I've started studying Lisp 2 days ago and I'm reading Paul Graham's ANSI Common List, which exposes the language structure in a very interesting way. It's not too much theoretical for beginners, and not too shallow (as Sierra-Bate's Head First Java, which personally I hate). After a brief general language introduction, he starts talking bout lists and raise an example of simple list compression. Basically, let el be an element which is repeated n times. You replace all of them by a single (n el) list. To do this he gave an code implementation, but I tried to do my own, which apparently is working. I'd like if possible, that someone analyses my code and show me the critical points of its implementation, which I'm sure there is a lot, since it's my first contact with Lisp. Thank u all!
(defun compress (x)
"compress a list replacing repeated sequential values for (<n> <value>)"
(let ((lst '()) (fst t) (lt nil) (n 0))
(dolist (el x)
(if fst
(progn
(setq fst nil)
(setq lt el)
(setq n 1))
(progn
(if (equal el lt)
(setq n (+ n 1))
(progn
(setq lst (cons (if (= n 1)
lt
(list n lt))
lst))
(setq lt el)
(setq n 1)
)))))
(setq lst (cons (if (and (not (= n 0)) (= n 1))
lt
(list n lt))
lst))
(reverse lst)))
The algorithm seems quite reasonable. I only find the fst variable superfluous. You use it only when entering the loop, so you could just as well move the first bunch of assignments to the preamble and iterate over the rest elements of the list.
Now the question is how to express the algorithm in Lisp.
The most significant point is that you can use nreverse instead of reverse. nreverse is more efficient, but it destroys the structure of its argument. Generally, you don't want that because of so-called shared structure: a cons cell can be a part of a few lists, so modifying a cons sell you can bring about unexpected changes in apparently unrelated lists. (PCL treats this issue very well.) However, in your function you construct lst from scratch, manually pushing new elements onto it, so there is no way it could share structure with other lists. So you can safely dispense with the structure. This is the common push/nreverse idiom. reverse just conses up a new list, and lst becomes garbage.

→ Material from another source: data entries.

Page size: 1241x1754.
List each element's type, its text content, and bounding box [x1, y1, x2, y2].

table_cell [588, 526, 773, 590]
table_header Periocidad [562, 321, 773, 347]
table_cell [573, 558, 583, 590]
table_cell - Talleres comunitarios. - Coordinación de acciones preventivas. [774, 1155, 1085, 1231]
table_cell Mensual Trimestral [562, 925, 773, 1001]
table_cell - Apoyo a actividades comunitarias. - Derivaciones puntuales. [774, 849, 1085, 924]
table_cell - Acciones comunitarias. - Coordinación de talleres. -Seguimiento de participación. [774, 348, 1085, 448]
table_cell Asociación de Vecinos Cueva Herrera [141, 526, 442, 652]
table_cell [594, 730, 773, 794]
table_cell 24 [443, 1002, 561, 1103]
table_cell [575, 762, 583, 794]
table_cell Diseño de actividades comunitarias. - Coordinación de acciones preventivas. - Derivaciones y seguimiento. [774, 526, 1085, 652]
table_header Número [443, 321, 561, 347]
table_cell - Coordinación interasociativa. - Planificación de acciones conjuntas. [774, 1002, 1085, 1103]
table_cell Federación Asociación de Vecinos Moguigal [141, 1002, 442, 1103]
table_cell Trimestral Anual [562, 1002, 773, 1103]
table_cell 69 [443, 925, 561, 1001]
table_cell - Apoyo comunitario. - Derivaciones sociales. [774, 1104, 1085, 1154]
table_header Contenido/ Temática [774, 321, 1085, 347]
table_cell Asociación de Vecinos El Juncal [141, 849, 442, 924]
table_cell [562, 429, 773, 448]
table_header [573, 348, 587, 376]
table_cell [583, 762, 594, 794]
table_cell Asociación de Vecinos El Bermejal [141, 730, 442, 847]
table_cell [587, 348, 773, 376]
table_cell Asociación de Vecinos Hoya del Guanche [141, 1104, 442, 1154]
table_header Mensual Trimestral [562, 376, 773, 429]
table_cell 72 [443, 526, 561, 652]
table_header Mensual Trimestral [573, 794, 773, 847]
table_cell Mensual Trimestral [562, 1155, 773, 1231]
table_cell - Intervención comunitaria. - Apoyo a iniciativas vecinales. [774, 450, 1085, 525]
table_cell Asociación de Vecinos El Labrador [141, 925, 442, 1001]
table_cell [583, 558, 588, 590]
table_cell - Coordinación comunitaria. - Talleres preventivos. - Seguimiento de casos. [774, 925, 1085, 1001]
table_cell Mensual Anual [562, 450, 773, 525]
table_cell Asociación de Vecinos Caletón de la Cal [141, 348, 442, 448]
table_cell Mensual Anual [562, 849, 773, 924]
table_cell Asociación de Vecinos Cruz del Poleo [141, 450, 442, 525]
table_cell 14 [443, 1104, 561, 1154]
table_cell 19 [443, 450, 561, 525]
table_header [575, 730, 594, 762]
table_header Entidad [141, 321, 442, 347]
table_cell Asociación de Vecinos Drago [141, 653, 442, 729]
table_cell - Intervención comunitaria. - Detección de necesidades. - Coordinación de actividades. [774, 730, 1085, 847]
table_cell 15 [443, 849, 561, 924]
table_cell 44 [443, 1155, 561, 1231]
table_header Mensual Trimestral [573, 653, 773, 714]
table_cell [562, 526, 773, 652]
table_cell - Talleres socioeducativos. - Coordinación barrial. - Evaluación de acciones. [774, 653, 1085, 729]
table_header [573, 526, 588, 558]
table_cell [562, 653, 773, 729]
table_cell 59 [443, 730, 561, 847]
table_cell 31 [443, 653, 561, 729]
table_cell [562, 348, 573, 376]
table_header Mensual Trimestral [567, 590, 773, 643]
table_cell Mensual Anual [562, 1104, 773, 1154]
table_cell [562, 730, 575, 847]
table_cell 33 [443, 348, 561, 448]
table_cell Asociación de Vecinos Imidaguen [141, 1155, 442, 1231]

To make the code more idiomatic, you could use standard shortcuts like incf for += and push for cons=. Nowadays the universal setf seems to be more popular then setq. Personally, I prefer using cond where a progn would otherwise appear. So you could end up with something like this:
(defun compress (x)
"compress a list replacing repeated sequential values for (<n> <value>)"
(if x
(let ((lst '())
(lt (first x))
(n 1))
(dolist (el (rest x))
(cond ((equal el lt) (incf n))
(t (push (if (= n 1)
lt
(list n lt))
lst)
(setf lt el)
(setf n 1))))
(push (if (= n 1)
lt
(list n lt))
lst)
(nreverse lst))
nil))